My Bug Family Reunion

By Jamin Dreyer

Soggy sneakers from falling in the lake. Dutch food. Old hymns. People that know you, but you don’t know them. These nuggets are imprinted in my childhood memory from the Zandstra family reunions that I was dragged to as a child. Twenty-five years ago, my nuclear family plus my grandma would pile into our minivan and drive a few hours to visit extended family. To be frank, I didn’t care much for these events as a kid; I was shy, and anyway too young to appreciate what the fuss was about.

Jamin Dreyer

With the passing of my grandmother’s generation in the mid-to-late 1990s, the family lost the threads that bound us together, and I haven’t been to a Zandstra reunion since. But I do have a new family reunion of sorts that I’ve been attending for five years now: ESA meetings. Entomology 2013 was my fourth national ESA meeting since I lugged a poster tube to Reno in 2008 as a brand new graduate student. Over these five years the event has morphed from an intimidating experience (my first big meeting!) into one of the highlights of my professional and personal calendar.

Just last week, I was at a long table in a hotel lounge on Sixth Street with some academic family members.
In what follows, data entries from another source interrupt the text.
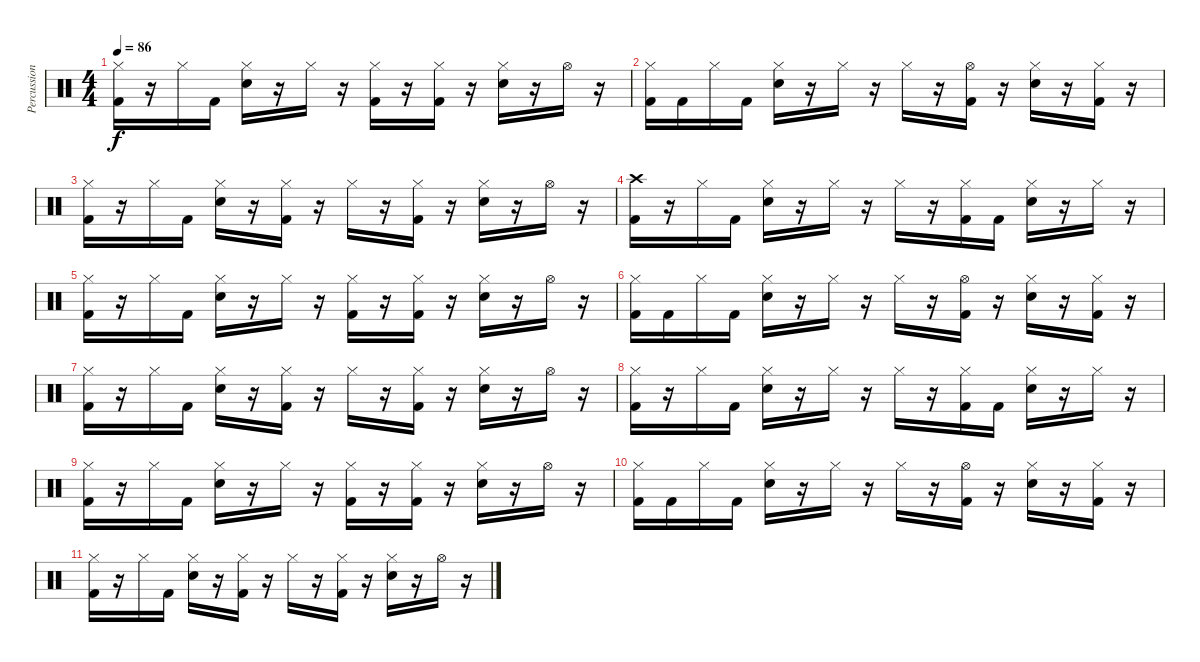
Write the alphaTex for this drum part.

\track ("Percussions" "Percussion") {instrument percussion}
\staff {score}
\articulation defaults
\ts (4 4)
\tempo 86
\clef neutral
\ks c
("Hi-Hat (closed)" "Kick (hit) 2").16{dy f} r.16 "Hi-Hat (closed)".16 "Kick (hit) 2".16 ("Hi-Hat (closed)" "Snare (hit) 2").16 r.16 "Hi-Hat (closed)".16 r.16 ("Hi-Hat (closed)" "Kick (hit) 2").16 r.16 ("Hi-Hat (closed)" "Kick (hit) 2").16 r.16 ("Hi-Hat (closed)" "Snare (hit) 2").16 r.16 "Hi-Hat (open)".16 r.16 |
("Hi-Hat (closed)" "Kick (hit) 2").16 "Kick (hit) 2".16 "Hi-Hat (closed)".16 "Kick (hit) 2".16 ("Hi-Hat (closed)" "Snare (hit) 2").16 r.16 "Hi-Hat (closed)".16 r.16 "Hi-Hat (closed)".16 r.16 ("Hi-Hat (open)" "Kick (hit) 2").16 r.16 ("Hi-Hat (closed)" "Snare (hit) 2").16 r.16 ("Hi-Hat (closed)" "Kick (hit) 2").16 r.16 |
("Hi-Hat (closed)" "Kick (hit) 2").16 r.16 "Hi-Hat (closed)".16 "Kick (hit) 2".16 ("Hi-Hat (closed)" "Snare (hit) 2").16 r.16 ("Hi-Hat (closed)" "Kick (hit) 2").16 r.16 "Hi-Hat (closed)".16 r.16 ("Hi-Hat (closed)" "Kick (hit) 2").16 r.16 ("Hi-Hat (closed)" "Snare (hit) 2").16 r.16 "Hi-Hat (open)".16 r.16 |
("Crash high (hit)" "Kick (hit) 2").16 r.16 "Hi-Hat (closed)".16 "Kick (hit) 2".16 ("Hi-Hat (closed)" "Snare (hit) 2").16 r.16 "Hi-Hat (closed)".16 r.16 "Hi-Hat (closed)".16 r.16 ("Hi-Hat (closed)" "Kick (hit) 2").16 "Kick (hit) 2".16 ("Hi-Hat (closed)" "Snare (hit) 2").16 r.16 "Hi-Hat (closed)".16 r.16 |
("Hi-Hat (closed)" "Kick (hit) 2").16 r.16 "Hi-Hat (closed)".16 "Kick (hit) 2".16 ("Hi-Hat (closed)" "Snare (hit) 2").16 r.16 "Hi-Hat (closed)".16 r.16 ("Hi-Hat (closed)" "Kick (hit) 2").16 r.16 ("Hi-Hat (closed)" "Kick (hit) 2").16 r.16 ("Hi-Hat (closed)" "Snare (hit) 2").16 r.16 "Hi-Hat (open)".16 r.16 |
("Hi-Hat (closed)" "Kick (hit) 2").16 "Kick (hit) 2".16 "Hi-Hat (closed)".16 "Kick (hit) 2".16 ("Hi-Hat (closed)" "Snare (hit) 2").16 r.16 "Hi-Hat (closed)".16 r.16 "Hi-Hat (closed)".16 r.16 ("Hi-Hat (open)" "Kick (hit) 2").16 r.16 ("Hi-Hat (closed)" "Snare (hit) 2").16 r.16 ("Hi-Hat (closed)" "Kick (hit) 2").16 r.16 |
("Hi-Hat (closed)" "Kick (hit) 2").16 r.16 "Hi-Hat (closed)".16 "Kick (hit) 2".16 ("Hi-Hat (closed)" "Snare (hit) 2").16 r.16 ("Hi-Hat (closed)" "Kick (hit) 2").16 r.16 "Hi-Hat (closed)".16 r.16 ("Hi-Hat (closed)" "Kick (hit) 2").16 r.16 ("Hi-Hat (closed)" "Snare (hit) 2").16 r.16 "Hi-Hat (open)".16 r.16 |
("Hi-Hat (closed)" "Kick (hit) 2").16 r.16 "Hi-Hat (closed)".16 "Kick (hit) 2".16 ("Hi-Hat (closed)" "Snare (hit) 2").16 r.16 "Hi-Hat (closed)".16 r.16 "Hi-Hat (closed)".16 r.16 ("Hi-Hat (closed)" "Kick (hit) 2").16 "Kick (hit) 2".16 ("Hi-Hat (closed)" "Snare (hit) 2").16 r.16 "Hi-Hat (closed)".16 r.16 |
("Hi-Hat (closed)" "Kick (hit) 2").16 r.16 "Hi-Hat (closed)".16 "Kick (hit) 2".16 ("Hi-Hat (closed)" "Snare (hit) 2").16 r.16 "Hi-Hat (closed)".16 r.16 ("Hi-Hat (closed)" "Kick (hit) 2").16 r.16 ("Hi-Hat (closed)" "Kick (hit) 2").16 r.16 ("Hi-Hat (closed)" "Snare (hit) 2").16 r.16 "Hi-Hat (open)".16 r.16 |
("Hi-Hat (closed)" "Kick (hit) 2").16 "Kick (hit) 2".16 "Hi-Hat (closed)".16 "Kick (hit) 2".16 ("Hi-Hat (closed)" "Snare (hit) 2").16 r.16 "Hi-Hat (closed)".16 r.16 "Hi-Hat (closed)".16 r.16 ("Hi-Hat (open)" "Kick (hit) 2").16 r.16 ("Hi-Hat (closed)" "Snare (hit) 2").16 r.16 ("Hi-Hat (closed)" "Kick (hit) 2").16 r.16 |
("Hi-Hat (closed)" "Kick (hit) 2").16 r.16 "Hi-Hat (closed)".16 "Kick (hit) 2".16 ("Hi-Hat (closed)" "Snare (hit) 2").16 r.16 ("Hi-Hat (closed)" "Kick (hit) 2").16 r.16 "Hi-Hat (closed)".16 r.16 ("Hi-Hat (closed)" "Kick (hit) 2").16 r.16 ("Hi-Hat (closed)" "Snare (hit) 2").16 r.16 "Hi-Hat (open)".16 r.16

My PhD advisor always hosts an evening gathering of current and former lab members who are attending the annual meeting. Now that I’ve “moved out of the house” as a new postdoc in another lab, the importance of maintaining these connections is sinking in. Colleagues and friends whom I used to see on a daily basis are now removed by hundreds of miles and a myriad of disparate responsibilities. But for a few hours our table was a food-and-drink-fueled lab meeting without an agenda, abuzz with conversation and stories, with people swapping seats here and there to ensure they were able to spend time with everyone.

In a less organized fashion, I experienced numerous small-scale, unplanned reunions as I rushed from session to session through the Austin Convention Center. Once you’ve been to enough meetings, you come to recognize, if not know, seemingly everybody like some huge academic Cheers. Some folks you greet with a quick wave, nod, or smile as you both scurry in opposite directions to events on other ends of the building. Other times you can stop and chat for a while and hash out career talk, some gossip, or new ideas. Perversely, after only a few meetings your network may become self-perpetuating to the point that you can only get face time with half of the friends you meant to.

Family reunions, real ones, are also a time for feedback of all kinds. “Look how you’ve grown!” “Who let you wear your hair like that?!” “I’m so proud of you!” Scientific meetings are no different. Year to year we are grow as scientists, sometimes stumbling along the way, and we have our scientific community to help guide us and inspire us. Maybe your poster is a flop or your talk bombs, or you wonder “Will I ever pull off something that cool?” when you see some of the great science being done by ESA members. But right then you might have an uplifting experience like I did when, for the first time, a grad student I didn’t know approached me and spoke highly about one of my papers. Maybe I’m not just the crazy uncle here like I feared I was…

Come next spring I’m planning to attend an ESA branch meeting for the first time, and I’ve already got eyes for the national meeting in Portland. For the branch meeting, I’ll pile into a van with my current lab, my nuclear academic family, and drive south to meet our “relatives” from around the region. To reach Portland, I’ll probably board a plane, and if I’m lucky there will be more than a few entomologist friends that I’ll meet in the airport terminal, in one of those very special unplanned reunions that kick off the festivities. I may never again make an annual pilgrimage to meet my extended family members, but I’ve still got my academic reunions to look forward to. Hopefully sans soggy shoes.